FRANKFURT (Reuters) – The case for a European Central Bank (ECB) rate cut in June is strengthening amid falling services inflation, Philip Lane, the ECB’s chief economist, said on Monday. the Frankfurt institution, in an interview given to the Spanish newspaper El Confidencial.
The ECB has hinted it could ease monetary policy after its June 6 meeting if new data supports rate-setters’ beliefs that inflation will move closer to the 2% target. by mid-2025.
“Both the preliminary estimate of euro area inflation for April and the first quarter GDP figure reinforce my confidence that inflation should return to its target within the given time frame,” Philip Lane said.
“So, as of today, my personal confidence level has improved from our April meeting,” he added, noting that more key data is still to be released in the coming weeks.
Investors also seem to think that a rate cut in June is almost a given, even if doubts have built up in recent weeks about measures beyond this deadline, with the US Federal Reserve (Fed) having suggested that its easing monetary could be delayed.

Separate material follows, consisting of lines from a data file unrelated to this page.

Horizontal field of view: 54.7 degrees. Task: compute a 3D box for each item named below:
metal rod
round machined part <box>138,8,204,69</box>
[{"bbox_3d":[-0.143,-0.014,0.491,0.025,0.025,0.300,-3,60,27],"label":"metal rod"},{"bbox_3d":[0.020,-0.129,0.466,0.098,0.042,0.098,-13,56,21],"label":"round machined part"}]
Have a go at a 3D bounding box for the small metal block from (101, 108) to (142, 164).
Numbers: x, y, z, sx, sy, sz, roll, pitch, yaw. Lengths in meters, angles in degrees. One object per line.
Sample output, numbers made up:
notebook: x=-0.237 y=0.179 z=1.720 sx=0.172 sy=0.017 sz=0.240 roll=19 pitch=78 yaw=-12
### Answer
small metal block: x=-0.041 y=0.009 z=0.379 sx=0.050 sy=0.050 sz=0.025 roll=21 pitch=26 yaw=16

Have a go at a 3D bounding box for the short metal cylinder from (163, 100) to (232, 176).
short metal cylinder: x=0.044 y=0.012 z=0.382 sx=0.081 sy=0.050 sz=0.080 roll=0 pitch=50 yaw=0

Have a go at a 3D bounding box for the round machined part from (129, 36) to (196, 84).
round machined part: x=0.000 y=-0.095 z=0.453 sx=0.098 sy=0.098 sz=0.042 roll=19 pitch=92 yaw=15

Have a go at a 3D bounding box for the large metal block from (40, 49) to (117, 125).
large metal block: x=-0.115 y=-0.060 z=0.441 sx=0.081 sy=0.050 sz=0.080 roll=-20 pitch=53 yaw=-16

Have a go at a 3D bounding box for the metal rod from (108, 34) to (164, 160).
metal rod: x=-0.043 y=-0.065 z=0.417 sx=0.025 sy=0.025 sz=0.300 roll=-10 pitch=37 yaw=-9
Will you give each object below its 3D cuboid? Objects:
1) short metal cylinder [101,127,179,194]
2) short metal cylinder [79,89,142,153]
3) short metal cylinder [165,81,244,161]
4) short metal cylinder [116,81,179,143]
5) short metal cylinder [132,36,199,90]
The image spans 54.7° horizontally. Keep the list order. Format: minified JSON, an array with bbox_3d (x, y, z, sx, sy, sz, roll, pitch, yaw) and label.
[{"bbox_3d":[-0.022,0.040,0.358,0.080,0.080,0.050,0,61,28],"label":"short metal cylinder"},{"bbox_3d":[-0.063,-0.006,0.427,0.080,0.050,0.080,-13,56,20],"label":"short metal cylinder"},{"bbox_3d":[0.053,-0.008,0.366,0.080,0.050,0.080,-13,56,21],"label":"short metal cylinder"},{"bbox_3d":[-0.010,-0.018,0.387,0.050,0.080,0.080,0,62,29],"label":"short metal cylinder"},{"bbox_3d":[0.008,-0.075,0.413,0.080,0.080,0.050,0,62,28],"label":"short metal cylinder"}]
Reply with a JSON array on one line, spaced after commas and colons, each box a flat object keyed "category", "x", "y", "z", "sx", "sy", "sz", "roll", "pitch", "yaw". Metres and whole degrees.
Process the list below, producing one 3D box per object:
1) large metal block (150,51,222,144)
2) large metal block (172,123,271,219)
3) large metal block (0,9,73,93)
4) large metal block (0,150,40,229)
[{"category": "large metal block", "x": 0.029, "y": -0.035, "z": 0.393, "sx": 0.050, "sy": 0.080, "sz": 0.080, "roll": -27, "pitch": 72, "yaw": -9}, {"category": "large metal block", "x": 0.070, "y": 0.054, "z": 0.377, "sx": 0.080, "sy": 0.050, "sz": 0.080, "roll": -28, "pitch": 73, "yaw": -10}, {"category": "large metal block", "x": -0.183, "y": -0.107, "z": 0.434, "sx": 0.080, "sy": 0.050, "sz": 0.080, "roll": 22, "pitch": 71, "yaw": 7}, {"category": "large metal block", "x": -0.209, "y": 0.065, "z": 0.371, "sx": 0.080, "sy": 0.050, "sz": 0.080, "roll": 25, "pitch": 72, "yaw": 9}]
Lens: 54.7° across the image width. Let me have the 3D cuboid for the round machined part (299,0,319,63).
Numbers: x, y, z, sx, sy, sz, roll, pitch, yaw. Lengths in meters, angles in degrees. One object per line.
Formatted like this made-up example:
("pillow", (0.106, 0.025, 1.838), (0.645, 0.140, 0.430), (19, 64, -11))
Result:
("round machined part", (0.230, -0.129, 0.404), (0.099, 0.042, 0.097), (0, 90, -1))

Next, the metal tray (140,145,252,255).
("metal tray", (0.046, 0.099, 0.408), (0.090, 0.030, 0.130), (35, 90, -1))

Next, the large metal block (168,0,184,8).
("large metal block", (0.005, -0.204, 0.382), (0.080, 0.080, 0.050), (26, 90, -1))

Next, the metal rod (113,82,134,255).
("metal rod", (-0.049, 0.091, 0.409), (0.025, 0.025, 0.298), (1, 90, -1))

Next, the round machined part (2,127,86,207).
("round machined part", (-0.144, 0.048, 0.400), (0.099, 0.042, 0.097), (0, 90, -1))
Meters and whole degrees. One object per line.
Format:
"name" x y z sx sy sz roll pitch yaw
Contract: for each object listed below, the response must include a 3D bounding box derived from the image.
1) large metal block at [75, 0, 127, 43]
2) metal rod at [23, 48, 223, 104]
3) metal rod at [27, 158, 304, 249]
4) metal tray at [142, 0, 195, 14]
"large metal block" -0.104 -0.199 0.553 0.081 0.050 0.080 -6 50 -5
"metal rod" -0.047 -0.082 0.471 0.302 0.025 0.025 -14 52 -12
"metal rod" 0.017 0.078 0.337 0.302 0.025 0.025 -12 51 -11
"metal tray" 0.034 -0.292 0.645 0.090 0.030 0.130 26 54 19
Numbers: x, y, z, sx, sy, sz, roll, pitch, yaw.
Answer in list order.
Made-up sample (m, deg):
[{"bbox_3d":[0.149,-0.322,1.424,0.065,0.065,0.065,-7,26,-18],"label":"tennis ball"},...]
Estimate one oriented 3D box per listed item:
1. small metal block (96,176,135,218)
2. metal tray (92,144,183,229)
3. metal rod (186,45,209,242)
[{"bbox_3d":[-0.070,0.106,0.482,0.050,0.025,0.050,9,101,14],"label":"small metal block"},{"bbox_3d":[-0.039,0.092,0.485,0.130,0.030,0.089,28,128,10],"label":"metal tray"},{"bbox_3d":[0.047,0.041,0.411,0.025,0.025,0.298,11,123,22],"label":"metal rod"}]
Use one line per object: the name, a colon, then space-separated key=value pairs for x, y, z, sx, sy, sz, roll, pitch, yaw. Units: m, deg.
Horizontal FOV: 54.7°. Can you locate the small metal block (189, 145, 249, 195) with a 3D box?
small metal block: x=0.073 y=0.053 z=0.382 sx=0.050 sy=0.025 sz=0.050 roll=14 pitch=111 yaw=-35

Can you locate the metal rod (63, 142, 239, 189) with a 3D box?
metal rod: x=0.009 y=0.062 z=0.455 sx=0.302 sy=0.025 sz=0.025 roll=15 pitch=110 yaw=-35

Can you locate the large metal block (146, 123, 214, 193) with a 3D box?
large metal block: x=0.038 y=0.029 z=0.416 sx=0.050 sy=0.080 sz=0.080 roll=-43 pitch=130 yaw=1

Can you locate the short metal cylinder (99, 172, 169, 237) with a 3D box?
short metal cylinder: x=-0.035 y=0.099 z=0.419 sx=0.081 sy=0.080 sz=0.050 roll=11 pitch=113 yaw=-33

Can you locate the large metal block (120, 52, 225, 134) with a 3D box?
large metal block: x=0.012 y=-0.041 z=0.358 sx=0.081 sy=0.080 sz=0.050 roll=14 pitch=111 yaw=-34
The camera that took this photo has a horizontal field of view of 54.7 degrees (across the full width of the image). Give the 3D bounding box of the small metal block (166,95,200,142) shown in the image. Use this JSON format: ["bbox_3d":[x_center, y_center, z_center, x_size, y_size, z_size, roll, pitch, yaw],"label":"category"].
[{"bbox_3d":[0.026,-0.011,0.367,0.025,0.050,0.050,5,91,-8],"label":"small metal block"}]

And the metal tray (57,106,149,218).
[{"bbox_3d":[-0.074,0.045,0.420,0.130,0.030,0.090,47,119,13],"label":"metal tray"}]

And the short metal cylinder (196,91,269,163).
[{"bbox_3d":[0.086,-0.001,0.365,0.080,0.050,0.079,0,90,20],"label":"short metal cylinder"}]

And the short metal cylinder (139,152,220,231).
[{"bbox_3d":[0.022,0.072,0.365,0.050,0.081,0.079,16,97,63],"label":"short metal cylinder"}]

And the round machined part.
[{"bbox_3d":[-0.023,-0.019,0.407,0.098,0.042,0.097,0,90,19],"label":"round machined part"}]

Even though the ECB insists it does not depend on the Fed, a growing gap between interest rates among the world’s biggest central banks would weaken the euro and boost European inflation, dampening the impact of a solitary decision by the ECB.
Philip Lane stressed that April inflation data finally showed improvement on easing price growth in services, but that the bank would continue to monitor the sector to ensure it does not subsequently derail the disinflation process.
Headline inflation stood at 2.4% year-on-year in April and the ECB expects it to fluctuate around this level for most of the year, before falling below this threshold again in 2025.